# Problem statement
Once the line containing "Order: left to right." is found in the records below, return it and each following line exactly, up to and including the line containing "#1 toy (282,207,607,539)", and nothing else.

(Items listed in a dataset)

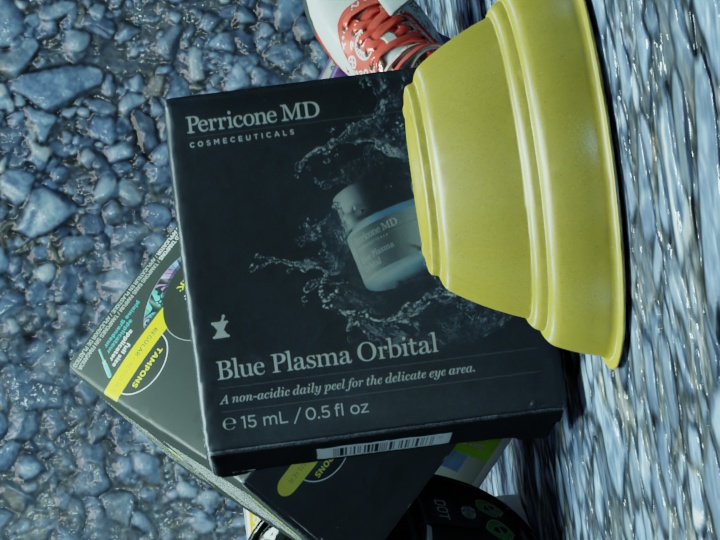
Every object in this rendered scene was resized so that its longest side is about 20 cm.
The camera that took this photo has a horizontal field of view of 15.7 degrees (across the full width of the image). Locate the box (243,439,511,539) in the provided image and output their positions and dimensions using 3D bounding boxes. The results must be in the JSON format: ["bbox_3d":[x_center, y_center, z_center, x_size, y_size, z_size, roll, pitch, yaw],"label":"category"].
[{"bbox_3d":[0.013,0.123,1.765,0.200,0.112,0.101,-58,21,25],"label":"box"}]

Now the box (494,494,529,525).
[{"bbox_3d":[0.113,0.273,1.821,0.144,0.036,0.200,-104,6,-77],"label":"box"}]

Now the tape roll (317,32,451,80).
[{"bbox_3d":[-0.004,-0.078,1.762,0.200,0.085,0.200,-155,90,-86],"label":"tape roll"}]

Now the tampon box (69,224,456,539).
[{"bbox_3d":[-0.051,0.067,1.612,0.200,0.150,0.126,26,166,48],"label":"tampon box"}]

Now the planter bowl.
[{"bbox_3d":[0.066,-0.048,1.224,0.200,0.083,0.201,172,90,-87],"label":"planter bowl"}]

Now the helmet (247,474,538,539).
[{"bbox_3d":[0.033,0.228,1.663,0.191,0.200,0.200,38,-148,-43],"label":"helmet"}]

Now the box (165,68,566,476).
[{"bbox_3d":[0.000,0.000,1.446,0.117,0.197,0.200,95,167,-80],"label":"box"}]

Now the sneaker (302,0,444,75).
[{"bbox_3d":[0.030,-0.132,1.612,0.201,0.067,0.108,58,171,17],"label":"sneaker"}]

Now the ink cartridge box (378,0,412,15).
[{"bbox_3d":[-0.016,-0.260,1.627,0.174,0.044,0.200,51,-167,-14],"label":"ink cartridge box"}]
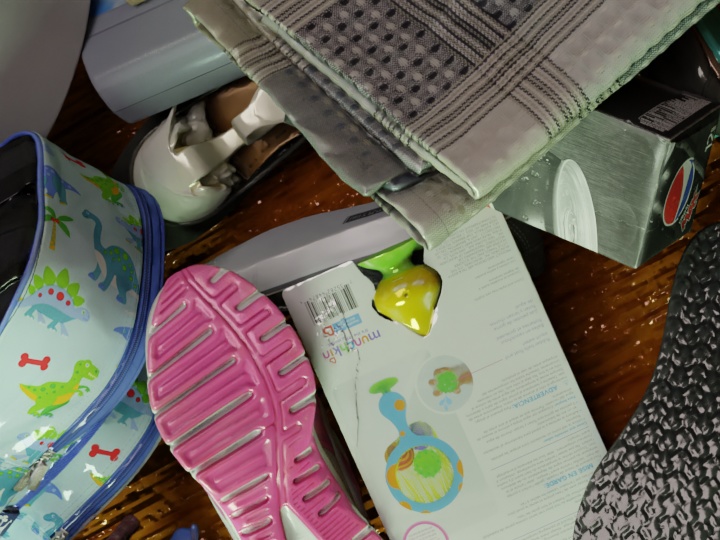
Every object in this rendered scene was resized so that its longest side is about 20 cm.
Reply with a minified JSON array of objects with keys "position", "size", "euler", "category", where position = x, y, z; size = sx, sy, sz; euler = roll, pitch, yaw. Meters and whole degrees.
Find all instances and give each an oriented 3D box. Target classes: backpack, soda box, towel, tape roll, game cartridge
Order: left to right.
[{"position":[-0.224,-0.137,1.319],"size":[0.200,0.066,0.202],"euler":[-23,60,48],"category":"tape roll"},{"position":[-0.178,0.040,1.245],"size":[0.200,0.146,0.184],"euler":[-44,33,29],"category":"backpack"},{"position":[-0.094,-0.180,1.285],"size":[0.133,0.040,0.201],"euler":[-23,52,26],"category":"game cartridge"},{"position":[0.042,-0.128,1.114],"size":[0.200,0.035,0.193],"euler":[-41,61,-8],"category":"towel"},{"position":[0.065,-0.073,1.150],"size":[0.199,0.063,0.071],"euler":[23,117,25],"category":"soda box"}]

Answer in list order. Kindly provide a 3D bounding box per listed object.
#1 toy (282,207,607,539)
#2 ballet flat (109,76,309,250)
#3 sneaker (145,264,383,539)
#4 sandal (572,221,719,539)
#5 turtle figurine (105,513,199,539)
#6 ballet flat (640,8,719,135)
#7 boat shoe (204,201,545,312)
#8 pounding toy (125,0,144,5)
[{"position":[0.054,0.076,1.188],"size":[0.115,0.047,0.201],"euler":[-23,98,8],"category":"toy"},{"position":[-0.068,-0.075,1.269],"size":[0.200,0.068,0.068],"euler":[-38,89,18],"category":"ballet flat"},{"position":[-0.051,0.089,1.197],"size":[0.081,0.088,0.201],"euler":[-23,102,-5],"category":"sneaker"},{"position":[0.161,0.076,1.152],"size":[0.075,0.048,0.201],"euler":[19,78,18],"category":"sandal"},{"position":[-0.099,0.221,1.181],"size":[0.143,0.194,0.202],"euler":[-1,85,25],"category":"turtle figurine"},{"position":[0.125,-0.151,1.180],"size":[0.068,0.068,0.201],"euler":[-30,70,26],"category":"ballet flat"},{"position":[0.000,0.000,1.231],"size":[0.199,0.069,0.057],"euler":[-16,104,25],"category":"boat shoe"},{"position":[-0.143,-0.232,1.202],"size":[0.141,0.184,0.201],"euler":[-21,53,23],"category":"pounding toy"}]

# Answer area
Order: left to right.
[{"position":[-0.224,-0.137,1.319],"size":[0.200,0.066,0.202],"euler":[-23,60,48],"category":"tape roll"},{"position":[-0.178,0.040,1.245],"size":[0.200,0.146,0.184],"euler":[-44,33,29],"category":"backpack"},{"position":[-0.094,-0.180,1.285],"size":[0.133,0.040,0.201],"euler":[-23,52,26],"category":"game cartridge"},{"position":[0.042,-0.128,1.114],"size":[0.200,0.035,0.193],"euler":[-41,61,-8],"category":"towel"},{"position":[0.065,-0.073,1.150],"size":[0.199,0.063,0.071],"euler":[23,117,25],"category":"soda box"}]

Answer in list order. Kindly provide a 3D bounding box per listed object.
#1 toy (282,207,607,539)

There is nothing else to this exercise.